Professor of Ocean and Climate Science

Residual Overturning Circulation and Associated Water-Mass Transformation in the East/Japan Sea

Residual Overturning Circulation and Associated Water-Mass Transformation in the East/Japan Sea.

(Kim, Y., Song, H., Han, K., An, S., Park, y., and Marshall, J.), Journal of Physical Oceanography, vol. 55, no. 5, pp. pages, 2025.

Abstract

The East/Japan Sea (EJS), a marginal sea in the northwest Pacific, has marked isopycnal slopes, especially during winter, implying a store of potential energy available for baroclinic instability and hence, perhaps, a significant role for eddy processes in shaping the residual (mean plus eddy) overturning circulation.

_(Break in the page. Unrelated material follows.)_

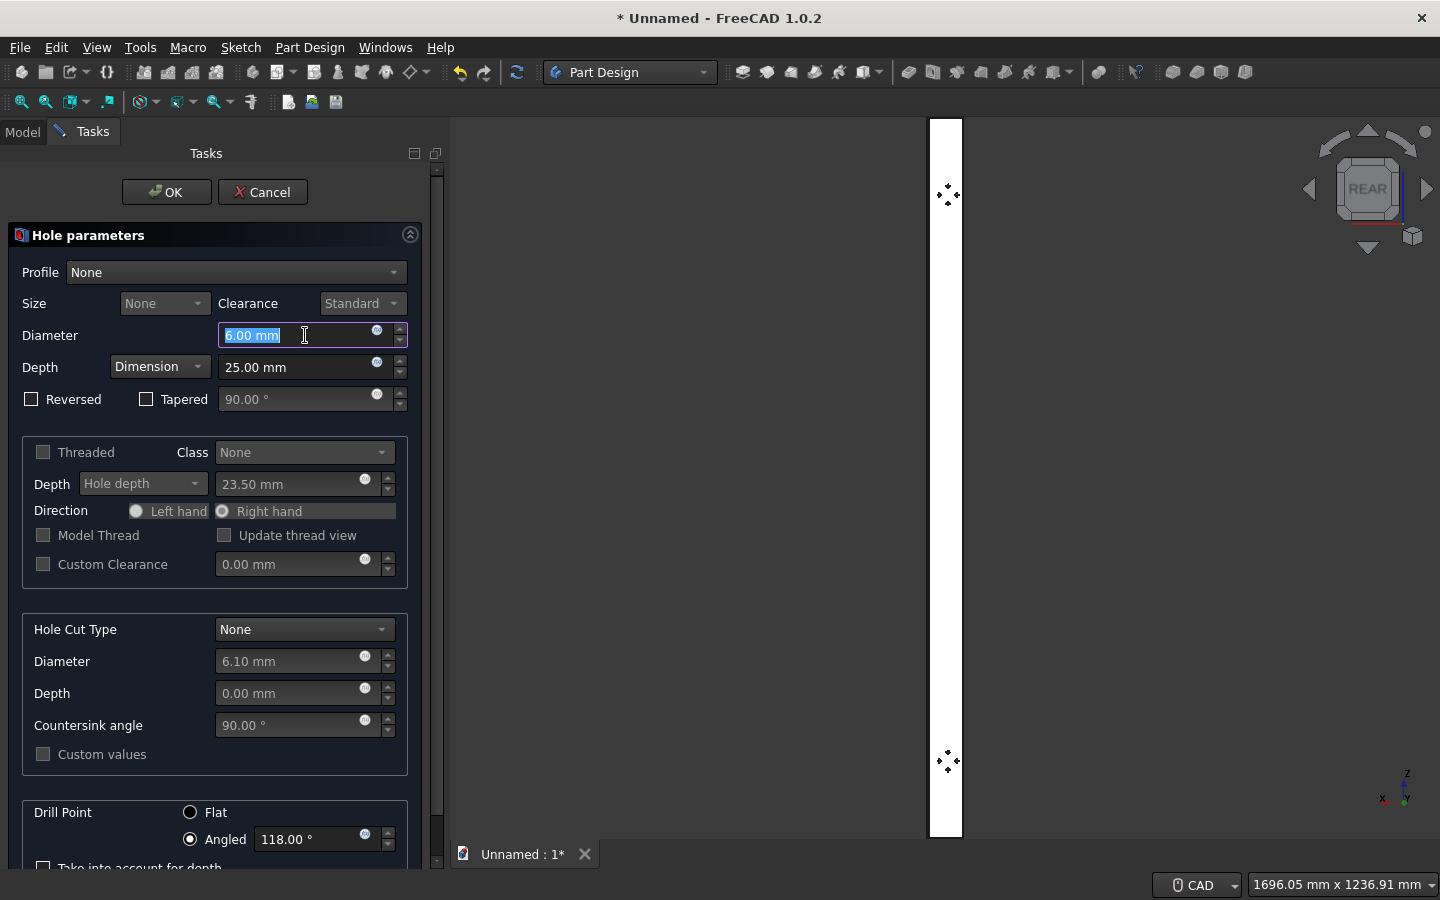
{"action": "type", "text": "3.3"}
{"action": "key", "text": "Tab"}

Here, for the first time, we compute the residual overturning circulation in the EJS in a high-resolution simulation and relate it to water-mass transformation processes due to air–sea fluxes and interior mixing. A sizable eddy-driven circulation is indeed found in the vicinity of tilted isopycnals. Wintertime surface buoyancy loss facilitates a volume flux toward higher-density classes, with latent heat loss being the main contributor and sensible heat loss also playing a role. The densification of northward subsurface flow is associated with diapycnal mixing. The water-mass formation rate, derived from the transformation rate, identifies upwelling and downwelling to the south and north of the subpolar front near 39.5°N, respectively, consistent with the broad pattern of residual overturning circulation.